For example, when the number "a" is positive, then the following notation must be used: a > 0. In this case, both the sum and the product of such these numbers will also be positive.

The basic principle of solving an inequality is to replace it with a simpler inequality, but the main thing is that it be equivalent to the given one.
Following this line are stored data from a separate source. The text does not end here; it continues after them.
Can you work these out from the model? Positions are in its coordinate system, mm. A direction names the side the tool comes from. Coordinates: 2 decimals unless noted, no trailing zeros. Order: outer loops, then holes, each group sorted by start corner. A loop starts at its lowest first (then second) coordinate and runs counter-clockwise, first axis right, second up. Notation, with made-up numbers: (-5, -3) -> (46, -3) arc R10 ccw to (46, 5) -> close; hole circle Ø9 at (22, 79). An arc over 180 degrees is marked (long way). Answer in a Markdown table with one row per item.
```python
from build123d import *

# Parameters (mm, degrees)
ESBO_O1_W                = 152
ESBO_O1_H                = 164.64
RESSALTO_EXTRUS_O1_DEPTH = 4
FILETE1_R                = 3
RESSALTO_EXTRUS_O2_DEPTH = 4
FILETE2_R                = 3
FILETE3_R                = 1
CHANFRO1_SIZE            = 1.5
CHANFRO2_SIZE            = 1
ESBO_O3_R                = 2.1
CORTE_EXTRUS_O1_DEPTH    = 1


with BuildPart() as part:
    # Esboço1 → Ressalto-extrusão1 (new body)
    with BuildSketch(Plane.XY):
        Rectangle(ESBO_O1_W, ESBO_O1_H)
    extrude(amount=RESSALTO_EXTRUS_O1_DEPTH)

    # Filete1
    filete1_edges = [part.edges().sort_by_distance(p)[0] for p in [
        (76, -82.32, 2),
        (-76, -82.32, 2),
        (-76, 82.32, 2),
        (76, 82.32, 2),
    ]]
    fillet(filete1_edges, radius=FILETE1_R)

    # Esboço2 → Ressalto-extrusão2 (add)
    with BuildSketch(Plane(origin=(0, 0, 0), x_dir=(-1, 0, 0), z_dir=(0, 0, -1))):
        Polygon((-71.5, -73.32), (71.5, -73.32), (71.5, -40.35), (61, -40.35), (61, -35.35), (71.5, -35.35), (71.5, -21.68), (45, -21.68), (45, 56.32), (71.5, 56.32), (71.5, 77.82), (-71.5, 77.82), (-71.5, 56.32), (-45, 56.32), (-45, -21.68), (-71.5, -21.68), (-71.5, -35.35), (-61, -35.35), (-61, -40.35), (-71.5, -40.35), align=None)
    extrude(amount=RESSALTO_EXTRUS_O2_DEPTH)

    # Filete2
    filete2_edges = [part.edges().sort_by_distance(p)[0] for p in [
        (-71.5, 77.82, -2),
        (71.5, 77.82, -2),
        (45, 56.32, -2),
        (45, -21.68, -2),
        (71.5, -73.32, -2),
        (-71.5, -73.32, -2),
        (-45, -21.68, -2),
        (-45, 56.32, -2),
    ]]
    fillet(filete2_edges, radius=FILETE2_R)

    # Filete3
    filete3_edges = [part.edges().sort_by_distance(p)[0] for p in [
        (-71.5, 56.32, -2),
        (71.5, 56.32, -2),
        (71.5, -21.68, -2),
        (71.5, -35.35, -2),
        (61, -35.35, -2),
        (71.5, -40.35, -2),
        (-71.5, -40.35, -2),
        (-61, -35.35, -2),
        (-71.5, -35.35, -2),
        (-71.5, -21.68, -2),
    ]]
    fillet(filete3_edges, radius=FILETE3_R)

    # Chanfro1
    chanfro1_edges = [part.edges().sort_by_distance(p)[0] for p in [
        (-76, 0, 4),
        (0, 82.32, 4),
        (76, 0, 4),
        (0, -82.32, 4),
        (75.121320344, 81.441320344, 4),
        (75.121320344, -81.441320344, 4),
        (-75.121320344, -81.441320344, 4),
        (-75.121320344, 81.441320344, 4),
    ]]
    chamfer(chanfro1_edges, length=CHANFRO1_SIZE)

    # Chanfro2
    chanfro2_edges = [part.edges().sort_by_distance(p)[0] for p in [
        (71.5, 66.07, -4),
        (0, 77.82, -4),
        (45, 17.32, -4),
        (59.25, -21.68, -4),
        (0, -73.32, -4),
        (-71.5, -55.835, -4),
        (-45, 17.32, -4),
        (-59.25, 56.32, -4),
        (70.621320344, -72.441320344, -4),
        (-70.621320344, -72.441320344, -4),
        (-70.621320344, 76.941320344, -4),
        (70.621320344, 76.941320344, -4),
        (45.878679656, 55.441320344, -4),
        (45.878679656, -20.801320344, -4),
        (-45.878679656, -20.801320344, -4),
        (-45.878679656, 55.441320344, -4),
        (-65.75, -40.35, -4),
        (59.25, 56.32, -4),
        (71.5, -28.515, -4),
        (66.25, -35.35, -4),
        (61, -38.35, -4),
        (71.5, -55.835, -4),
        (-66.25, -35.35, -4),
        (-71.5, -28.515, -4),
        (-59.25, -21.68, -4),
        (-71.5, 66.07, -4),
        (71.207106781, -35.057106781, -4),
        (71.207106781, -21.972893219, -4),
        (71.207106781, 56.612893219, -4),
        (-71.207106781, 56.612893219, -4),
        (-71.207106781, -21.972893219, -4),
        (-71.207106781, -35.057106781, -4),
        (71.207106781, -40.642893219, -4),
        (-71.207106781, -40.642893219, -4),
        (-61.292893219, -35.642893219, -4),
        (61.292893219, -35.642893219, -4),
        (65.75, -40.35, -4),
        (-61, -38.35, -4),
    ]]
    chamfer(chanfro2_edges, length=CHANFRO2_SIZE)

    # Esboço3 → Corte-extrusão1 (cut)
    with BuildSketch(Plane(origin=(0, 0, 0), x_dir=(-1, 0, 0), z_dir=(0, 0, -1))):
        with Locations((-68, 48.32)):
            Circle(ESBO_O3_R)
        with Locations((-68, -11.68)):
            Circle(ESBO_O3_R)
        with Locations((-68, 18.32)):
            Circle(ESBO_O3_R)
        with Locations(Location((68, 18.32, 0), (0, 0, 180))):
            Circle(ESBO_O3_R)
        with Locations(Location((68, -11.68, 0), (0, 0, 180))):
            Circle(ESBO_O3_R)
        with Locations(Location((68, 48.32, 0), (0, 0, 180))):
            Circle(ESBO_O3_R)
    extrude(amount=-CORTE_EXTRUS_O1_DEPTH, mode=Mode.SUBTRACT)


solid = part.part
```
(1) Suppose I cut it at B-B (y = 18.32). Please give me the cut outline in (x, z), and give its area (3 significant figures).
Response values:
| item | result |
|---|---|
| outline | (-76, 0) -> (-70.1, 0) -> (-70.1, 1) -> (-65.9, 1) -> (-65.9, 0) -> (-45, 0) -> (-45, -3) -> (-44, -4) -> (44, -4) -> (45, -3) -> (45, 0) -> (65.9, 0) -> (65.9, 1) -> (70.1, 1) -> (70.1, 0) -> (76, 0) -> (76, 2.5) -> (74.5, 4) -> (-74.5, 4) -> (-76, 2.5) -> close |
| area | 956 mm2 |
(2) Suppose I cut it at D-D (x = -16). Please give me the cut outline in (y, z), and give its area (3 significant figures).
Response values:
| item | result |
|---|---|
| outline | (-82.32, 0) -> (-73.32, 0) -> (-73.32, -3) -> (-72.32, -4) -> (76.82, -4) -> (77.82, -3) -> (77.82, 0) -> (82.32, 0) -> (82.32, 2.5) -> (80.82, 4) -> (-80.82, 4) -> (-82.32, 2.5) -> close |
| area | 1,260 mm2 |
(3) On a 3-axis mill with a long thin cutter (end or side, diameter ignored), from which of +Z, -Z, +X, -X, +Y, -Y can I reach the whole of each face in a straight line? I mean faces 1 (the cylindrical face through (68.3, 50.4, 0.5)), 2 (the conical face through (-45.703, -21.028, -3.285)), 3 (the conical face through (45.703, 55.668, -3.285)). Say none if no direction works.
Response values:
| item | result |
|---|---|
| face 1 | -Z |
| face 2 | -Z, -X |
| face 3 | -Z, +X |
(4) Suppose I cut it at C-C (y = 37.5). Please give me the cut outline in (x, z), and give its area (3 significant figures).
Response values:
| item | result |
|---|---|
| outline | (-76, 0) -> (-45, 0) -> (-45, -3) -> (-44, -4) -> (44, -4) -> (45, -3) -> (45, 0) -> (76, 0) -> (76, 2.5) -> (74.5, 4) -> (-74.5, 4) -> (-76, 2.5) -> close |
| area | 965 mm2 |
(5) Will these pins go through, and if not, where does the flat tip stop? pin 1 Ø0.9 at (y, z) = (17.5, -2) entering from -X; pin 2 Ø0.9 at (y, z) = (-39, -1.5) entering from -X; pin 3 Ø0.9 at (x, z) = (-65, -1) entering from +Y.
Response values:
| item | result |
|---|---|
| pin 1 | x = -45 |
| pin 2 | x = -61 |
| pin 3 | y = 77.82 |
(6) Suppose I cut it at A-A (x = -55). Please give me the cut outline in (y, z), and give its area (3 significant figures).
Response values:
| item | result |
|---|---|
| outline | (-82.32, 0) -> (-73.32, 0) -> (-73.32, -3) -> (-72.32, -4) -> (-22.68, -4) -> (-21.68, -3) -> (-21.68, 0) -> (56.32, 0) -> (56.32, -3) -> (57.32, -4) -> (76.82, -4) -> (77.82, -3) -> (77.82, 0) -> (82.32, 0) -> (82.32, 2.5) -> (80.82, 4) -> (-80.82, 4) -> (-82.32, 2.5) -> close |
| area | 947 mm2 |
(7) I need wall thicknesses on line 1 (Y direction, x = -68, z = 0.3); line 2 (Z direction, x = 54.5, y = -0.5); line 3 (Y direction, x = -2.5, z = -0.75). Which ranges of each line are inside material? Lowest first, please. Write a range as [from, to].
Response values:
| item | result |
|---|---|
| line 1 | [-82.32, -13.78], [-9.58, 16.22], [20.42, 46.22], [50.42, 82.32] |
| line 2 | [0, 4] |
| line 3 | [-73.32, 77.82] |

Further, we also obtained an inequality and again replaced it with one that has a simpler form, and so on.

Solving inequalities with a variable, you need to find all its solutions. If two inequalities have the same variable x, then such inequalities are equivalent, provided that their solutions are the same.

When performing tasks for solving logarithmic inequalities, it is necessary to remember that when a > 1, then the logarithmic function increases, and when 0< a < 1, то такая функция имеет свойство убывать. Эти свойства вам будут необходимы при решении логарифмических неравенств, поэтому вы их должны хорошо знать и помнить.

Ways to solve logarithmic inequalities

Now let's look at some of the methods that take place when solving logarithmic inequalities. For a better understanding and assimilation, we will try to understand them using specific examples.

We know that the simplest logarithmic inequality has the following form:

In this inequality, V - is one of such inequality signs as:<,>, ≤ or ≥.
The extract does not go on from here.